Lastly, notice that during JJAS, the seasonally saltier region southeast of the box (Fig. 11a) corresponds to where the pycnocline begins to shoal in June due to upwelling favorable wind stress curl (Fig. 4e). We showed above (Figs. 9c and 10a) that, when the seasonal wind curl causes the pycnocline to shoal, it helps saltier water to be incorporated into the ML from below. These same winds then drive the seasonal currents that carry this saltier water into the Arafura Sea. Because the vertical temperature structure is also stratified, this raises the question of why we do not see a significant analogous (cooling) effect on MLT as a consequence of horizontal advection entering from the southeastern part of the box, e.g., fuchsia curve in Fig. 5b, when the thermocline is seasonally shallow. To explain this, we again refer to Fig. 10, which shows the vertical profiles of non-dimensional salinity and temperature anomalies averaged along a cross-section (7° S, 131–137° E) of the southeast sector of our box. Since the vertical temperature gradient is weaker than the vertical salinity gradient near the ML base, advection of salinity across the base has a much larger relative effect on MLS than temperature advection has on MLT. The resultant horizontal gradient of MLT along the southeast corner of the box is thus smaller than the horizontal gradient of MLS.

4 Summary and conclusions

Seasonal variability in the tropical ocean is often perceived as a “slave” response to atmospheric heat and freshwater forcing. This paper examines the seasonal MLT and MLS budgets in the Banda–Arafura Seas, a prime example of a climatically important region that is often simulated using a slab ocean model, even though ocean dynamics likely play important roles in the modulation of MLT and MLS here. MLT and MLS budgets are derived from an ECCO ocean-state estimate that conserves heat and salt, using density criteria to diagnostically determine time-varying MLH at each location. The effects of both surface forcing and ocean dynamics are addressed. Our results show that the seasonal variabilities of both MLT and MLS involve active ocean dynamics.

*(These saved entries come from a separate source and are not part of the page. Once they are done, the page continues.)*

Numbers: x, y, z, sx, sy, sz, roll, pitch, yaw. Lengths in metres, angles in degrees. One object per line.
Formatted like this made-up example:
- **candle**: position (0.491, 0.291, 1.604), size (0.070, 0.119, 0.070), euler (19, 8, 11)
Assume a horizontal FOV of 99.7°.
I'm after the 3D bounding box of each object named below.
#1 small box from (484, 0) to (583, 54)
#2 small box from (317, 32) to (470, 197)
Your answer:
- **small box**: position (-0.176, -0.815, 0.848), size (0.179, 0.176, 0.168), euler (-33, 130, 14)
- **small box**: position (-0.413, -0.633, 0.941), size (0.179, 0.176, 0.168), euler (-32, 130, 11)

The largest contributor to seasonal MLT is surface heat flux, but there is a substantial secondary reinforcing contribution by turbulent vertical mixing in conjunction with the lifting of the pycnocline/upper thermocline in the Arafura Sea by monsoonal winds. The latter brings cooler subsurface water closer to the ML base, making it easier for turbulent vertical mixing to have a cooling effect. The MLT also has a small, but non-negligible, semi-annual component since insolation increases and surface winds weaken during the spring and fall monsoon transitions near the equator, causing surface heating, reduced surface heat loss, and reduced cooling by turbulent mixing.

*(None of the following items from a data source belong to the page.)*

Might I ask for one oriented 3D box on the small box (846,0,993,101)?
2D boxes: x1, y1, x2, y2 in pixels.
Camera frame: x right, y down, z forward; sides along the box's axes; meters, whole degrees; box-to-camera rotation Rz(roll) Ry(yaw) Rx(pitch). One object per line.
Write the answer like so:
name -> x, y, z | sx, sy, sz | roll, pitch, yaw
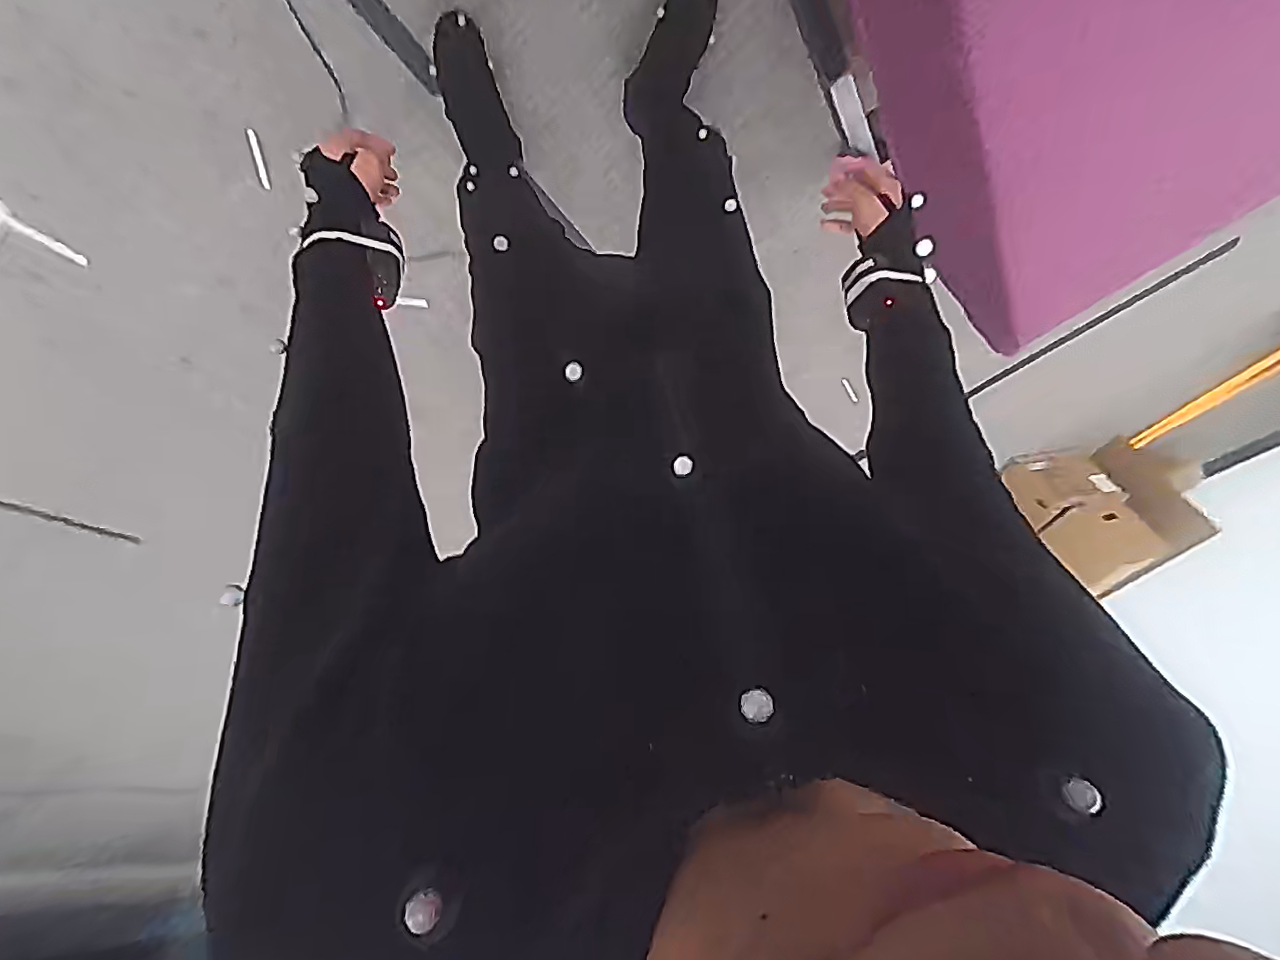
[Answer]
small box -> 0.565, -0.938, 1.119 | 0.168, 0.176, 0.179 | 9, 135, -26
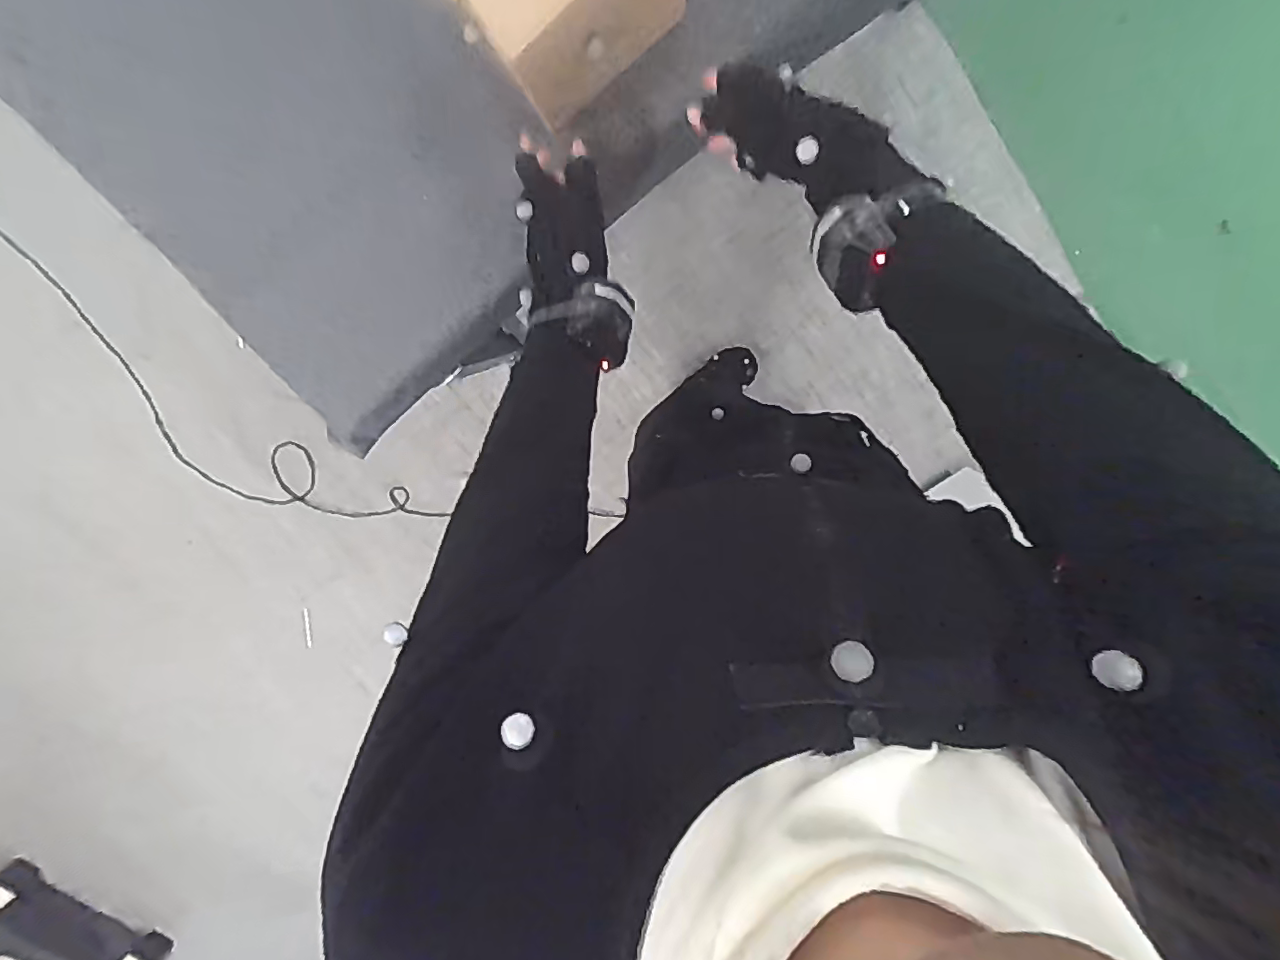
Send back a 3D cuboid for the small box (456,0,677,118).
[{"bbox_3d":[-0.078,-0.462,0.465,0.179,0.176,0.168,-34,101,15],"label":"small box"}]

Seasonal MLS is dominated by horizontal advection and subsurface processes rather than by local freshwater fluxes. The contributions by horizontal advection and subsurface processes have comparable magnitudes and exhibit strong annual cycles, although subsurface processes also exhibit a small semiannual component.

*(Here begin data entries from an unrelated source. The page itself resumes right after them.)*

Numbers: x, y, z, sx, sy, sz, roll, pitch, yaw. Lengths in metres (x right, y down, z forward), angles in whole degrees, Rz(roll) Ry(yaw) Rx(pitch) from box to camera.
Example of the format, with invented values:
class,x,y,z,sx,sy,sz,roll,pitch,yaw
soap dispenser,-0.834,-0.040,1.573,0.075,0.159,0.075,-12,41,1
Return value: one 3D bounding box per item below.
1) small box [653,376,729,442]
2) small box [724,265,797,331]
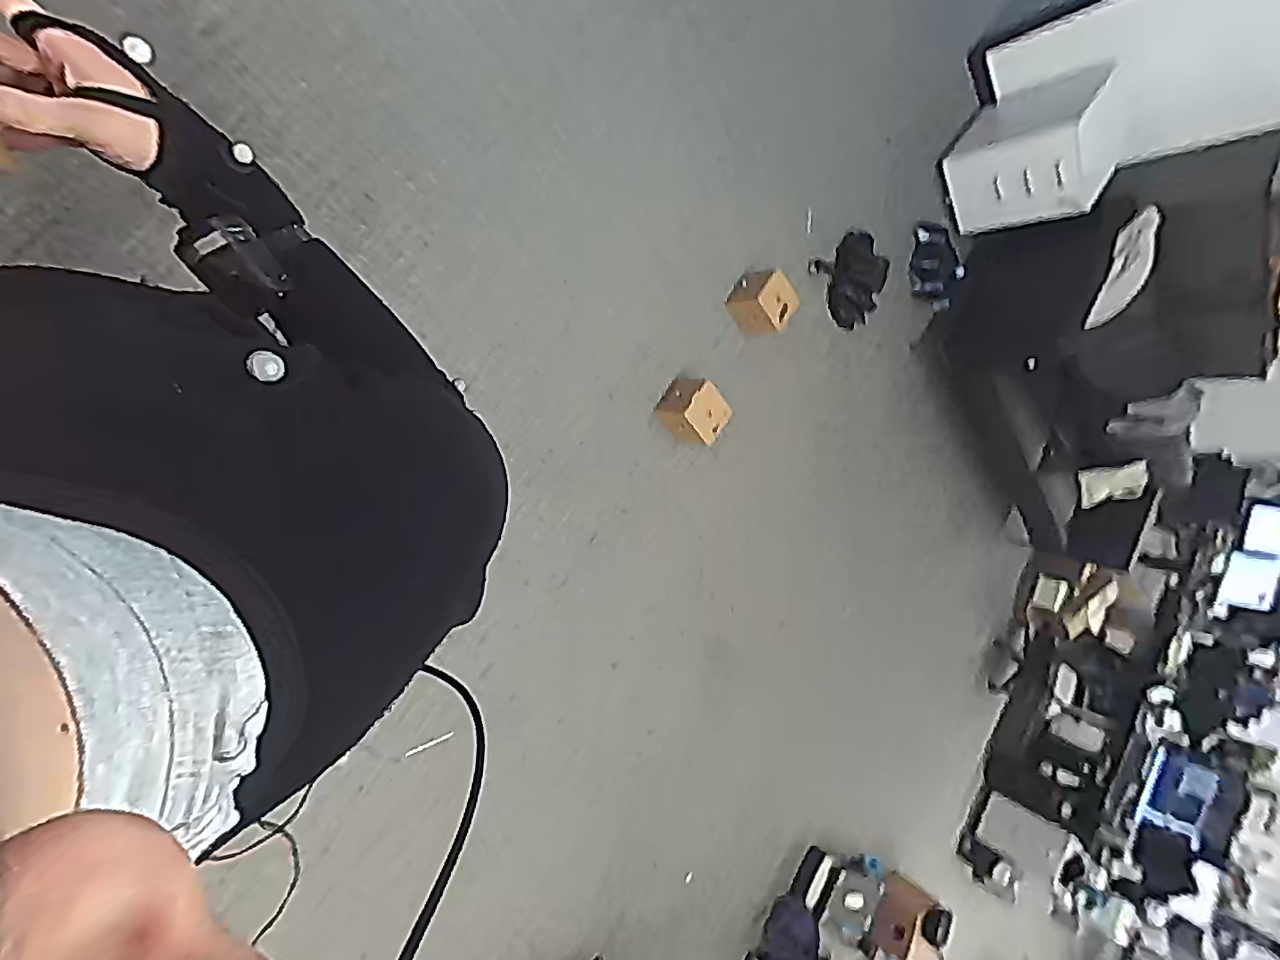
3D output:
class,x,y,z,sx,sy,sz,roll,pitch,yaw
small box,0.179,-0.255,1.946,0.179,0.176,0.168,46,72,-32
small box,0.455,-0.685,2.056,0.179,0.176,0.168,42,74,-33

In the case of both MLT and MLS, ocean processes are largely modulated by the monsoon winds, although remote thermocline forcing and complicated regional characteristics (e.g. bathymetry) may also play notable roles that require further investigation. Overall, the results presented above suggest that coupled model studies of climate in this region require a full (three-dimensional) ocean circulation model instead of a slab ocean ML model as the ocean model component. Our work can be used to evaluate the simulation of climate in this region by coupled models and to help interpret sparse in situ observations, from which complete budget analyses are difficult to derive.